**THE PROBLEM**
Reproduce precisely the lines of the listing below, starting with the line that contains "Offer a very short reply. 57.21." and stopping after the line that contains "Give a very brief answer. 52.85."; include nothing else.

**RECORDS FOR THIS EXERCISE**

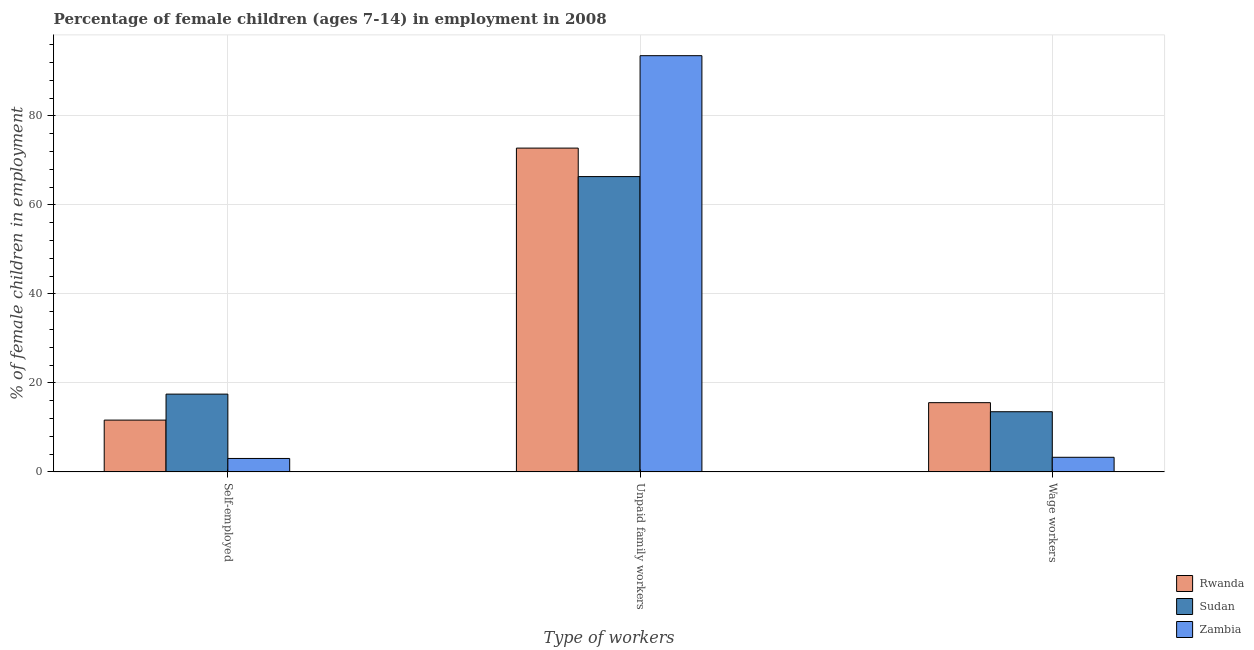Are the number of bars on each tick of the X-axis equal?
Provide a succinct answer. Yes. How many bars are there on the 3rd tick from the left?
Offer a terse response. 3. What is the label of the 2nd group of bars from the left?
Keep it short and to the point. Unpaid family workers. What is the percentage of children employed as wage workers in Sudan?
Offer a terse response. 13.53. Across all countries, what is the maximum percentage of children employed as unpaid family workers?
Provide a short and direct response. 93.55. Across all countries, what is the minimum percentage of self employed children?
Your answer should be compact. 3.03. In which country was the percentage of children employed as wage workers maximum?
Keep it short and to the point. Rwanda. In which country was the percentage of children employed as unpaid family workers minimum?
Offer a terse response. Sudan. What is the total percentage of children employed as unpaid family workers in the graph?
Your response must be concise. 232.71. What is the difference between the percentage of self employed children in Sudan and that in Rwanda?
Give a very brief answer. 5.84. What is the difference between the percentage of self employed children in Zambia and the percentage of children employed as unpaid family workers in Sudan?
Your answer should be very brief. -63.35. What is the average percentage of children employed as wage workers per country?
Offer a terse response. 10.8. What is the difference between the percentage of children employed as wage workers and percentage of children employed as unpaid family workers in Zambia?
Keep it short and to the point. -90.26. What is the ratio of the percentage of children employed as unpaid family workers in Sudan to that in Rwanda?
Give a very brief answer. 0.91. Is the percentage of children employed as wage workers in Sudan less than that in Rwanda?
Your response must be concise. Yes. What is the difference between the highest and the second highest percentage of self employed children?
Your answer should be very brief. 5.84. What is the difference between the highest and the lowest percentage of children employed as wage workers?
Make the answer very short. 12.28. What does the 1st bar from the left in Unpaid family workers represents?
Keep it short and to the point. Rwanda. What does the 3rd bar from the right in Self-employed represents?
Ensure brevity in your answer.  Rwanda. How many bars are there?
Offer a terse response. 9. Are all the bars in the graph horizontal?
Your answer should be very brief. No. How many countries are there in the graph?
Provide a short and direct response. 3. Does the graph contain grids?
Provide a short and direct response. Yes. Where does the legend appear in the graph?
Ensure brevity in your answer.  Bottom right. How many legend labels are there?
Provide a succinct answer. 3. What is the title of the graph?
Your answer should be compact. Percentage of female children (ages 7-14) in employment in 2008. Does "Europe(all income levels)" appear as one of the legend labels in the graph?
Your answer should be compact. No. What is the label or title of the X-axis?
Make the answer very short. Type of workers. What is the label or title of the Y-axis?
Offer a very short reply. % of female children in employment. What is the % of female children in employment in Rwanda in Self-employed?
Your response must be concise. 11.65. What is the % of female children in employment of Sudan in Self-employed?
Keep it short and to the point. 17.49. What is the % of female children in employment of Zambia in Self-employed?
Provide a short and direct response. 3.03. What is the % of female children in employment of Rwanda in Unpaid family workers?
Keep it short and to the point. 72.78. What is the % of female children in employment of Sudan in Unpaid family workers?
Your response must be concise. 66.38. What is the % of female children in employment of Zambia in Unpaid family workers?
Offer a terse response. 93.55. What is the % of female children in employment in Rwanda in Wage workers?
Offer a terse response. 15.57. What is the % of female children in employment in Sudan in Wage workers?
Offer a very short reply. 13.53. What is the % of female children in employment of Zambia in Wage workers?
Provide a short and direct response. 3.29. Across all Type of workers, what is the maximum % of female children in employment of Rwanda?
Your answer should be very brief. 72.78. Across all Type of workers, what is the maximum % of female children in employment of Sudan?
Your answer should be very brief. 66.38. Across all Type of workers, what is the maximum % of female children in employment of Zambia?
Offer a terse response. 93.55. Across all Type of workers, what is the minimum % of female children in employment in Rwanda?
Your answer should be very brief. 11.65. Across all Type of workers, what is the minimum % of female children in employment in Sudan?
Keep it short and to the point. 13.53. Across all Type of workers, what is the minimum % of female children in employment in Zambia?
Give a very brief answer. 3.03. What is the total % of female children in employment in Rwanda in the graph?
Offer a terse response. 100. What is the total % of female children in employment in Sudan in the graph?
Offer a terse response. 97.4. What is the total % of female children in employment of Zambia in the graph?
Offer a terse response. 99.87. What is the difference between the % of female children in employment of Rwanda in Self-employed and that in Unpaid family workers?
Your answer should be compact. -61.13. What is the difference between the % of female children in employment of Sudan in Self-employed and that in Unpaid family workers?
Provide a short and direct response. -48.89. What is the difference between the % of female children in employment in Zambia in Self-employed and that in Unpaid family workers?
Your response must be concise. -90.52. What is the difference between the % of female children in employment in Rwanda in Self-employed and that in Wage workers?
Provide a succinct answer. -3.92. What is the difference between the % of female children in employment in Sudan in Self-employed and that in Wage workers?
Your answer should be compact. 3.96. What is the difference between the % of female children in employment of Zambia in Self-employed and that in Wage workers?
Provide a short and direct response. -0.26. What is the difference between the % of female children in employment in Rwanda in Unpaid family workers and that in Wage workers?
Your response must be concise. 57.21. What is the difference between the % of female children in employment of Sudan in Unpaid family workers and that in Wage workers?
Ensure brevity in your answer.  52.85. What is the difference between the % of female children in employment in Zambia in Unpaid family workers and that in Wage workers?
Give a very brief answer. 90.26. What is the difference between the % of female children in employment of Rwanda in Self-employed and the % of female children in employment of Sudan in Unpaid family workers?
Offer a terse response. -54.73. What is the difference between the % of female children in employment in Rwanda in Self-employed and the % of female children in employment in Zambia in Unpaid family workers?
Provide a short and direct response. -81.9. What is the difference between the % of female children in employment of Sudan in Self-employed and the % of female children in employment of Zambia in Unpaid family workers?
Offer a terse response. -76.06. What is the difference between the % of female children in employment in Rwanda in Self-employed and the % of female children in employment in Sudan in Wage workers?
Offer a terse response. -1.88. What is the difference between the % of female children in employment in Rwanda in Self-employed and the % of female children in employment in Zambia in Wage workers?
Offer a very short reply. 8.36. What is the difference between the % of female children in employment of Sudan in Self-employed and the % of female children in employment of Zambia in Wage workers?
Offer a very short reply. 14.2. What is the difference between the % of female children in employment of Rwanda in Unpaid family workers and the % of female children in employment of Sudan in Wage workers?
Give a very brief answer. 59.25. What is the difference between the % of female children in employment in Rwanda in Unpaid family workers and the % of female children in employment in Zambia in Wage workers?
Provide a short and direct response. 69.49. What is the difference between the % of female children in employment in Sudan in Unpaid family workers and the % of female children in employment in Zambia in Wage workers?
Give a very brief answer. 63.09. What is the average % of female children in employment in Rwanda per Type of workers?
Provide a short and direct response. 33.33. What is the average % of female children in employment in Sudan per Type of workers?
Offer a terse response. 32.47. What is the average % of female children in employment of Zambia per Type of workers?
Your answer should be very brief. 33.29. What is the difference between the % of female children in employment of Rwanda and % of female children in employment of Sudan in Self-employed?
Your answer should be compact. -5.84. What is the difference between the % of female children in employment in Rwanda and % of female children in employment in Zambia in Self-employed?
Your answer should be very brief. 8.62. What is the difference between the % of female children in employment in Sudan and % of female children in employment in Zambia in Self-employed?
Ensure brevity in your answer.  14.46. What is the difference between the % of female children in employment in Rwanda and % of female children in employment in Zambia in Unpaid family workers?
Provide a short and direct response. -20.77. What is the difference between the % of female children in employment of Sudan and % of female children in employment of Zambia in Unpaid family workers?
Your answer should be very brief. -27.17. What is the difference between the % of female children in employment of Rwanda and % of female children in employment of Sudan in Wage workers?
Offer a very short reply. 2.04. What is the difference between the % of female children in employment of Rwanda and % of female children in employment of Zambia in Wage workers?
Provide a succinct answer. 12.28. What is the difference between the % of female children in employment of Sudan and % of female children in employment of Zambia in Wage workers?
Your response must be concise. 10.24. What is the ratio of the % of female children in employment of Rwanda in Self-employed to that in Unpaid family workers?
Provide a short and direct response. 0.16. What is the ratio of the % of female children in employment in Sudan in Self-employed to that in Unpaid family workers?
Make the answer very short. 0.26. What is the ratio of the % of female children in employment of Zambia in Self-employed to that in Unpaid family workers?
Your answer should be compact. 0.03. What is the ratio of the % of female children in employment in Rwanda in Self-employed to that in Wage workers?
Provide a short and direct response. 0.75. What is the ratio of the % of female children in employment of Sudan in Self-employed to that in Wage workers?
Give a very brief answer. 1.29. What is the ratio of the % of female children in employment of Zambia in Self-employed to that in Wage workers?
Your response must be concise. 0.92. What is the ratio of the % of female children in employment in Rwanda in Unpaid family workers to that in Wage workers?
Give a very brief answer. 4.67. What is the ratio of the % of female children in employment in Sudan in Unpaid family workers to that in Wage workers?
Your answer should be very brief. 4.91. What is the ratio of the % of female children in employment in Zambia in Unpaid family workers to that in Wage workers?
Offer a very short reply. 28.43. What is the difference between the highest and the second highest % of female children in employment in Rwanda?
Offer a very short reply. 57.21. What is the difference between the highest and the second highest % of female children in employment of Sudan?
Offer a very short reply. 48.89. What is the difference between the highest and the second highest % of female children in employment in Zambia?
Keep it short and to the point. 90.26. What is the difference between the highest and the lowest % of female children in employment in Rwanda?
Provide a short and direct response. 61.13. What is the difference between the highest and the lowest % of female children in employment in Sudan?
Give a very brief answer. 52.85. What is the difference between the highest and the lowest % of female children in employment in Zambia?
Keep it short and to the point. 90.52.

**WRITTEN SOLUTION**
Offer a very short reply. 57.21. What is the difference between the highest and the second highest % of female children in employment of Sudan?
Offer a very short reply. 48.89. What is the difference between the highest and the second highest % of female children in employment in Zambia?
Keep it short and to the point. 90.26. What is the difference between the highest and the lowest % of female children in employment in Rwanda?
Provide a short and direct response. 61.13. What is the difference between the highest and the lowest % of female children in employment in Sudan?
Give a very brief answer. 52.85. What is the difference between the highest and the lowest % of female children in employment in Zambia?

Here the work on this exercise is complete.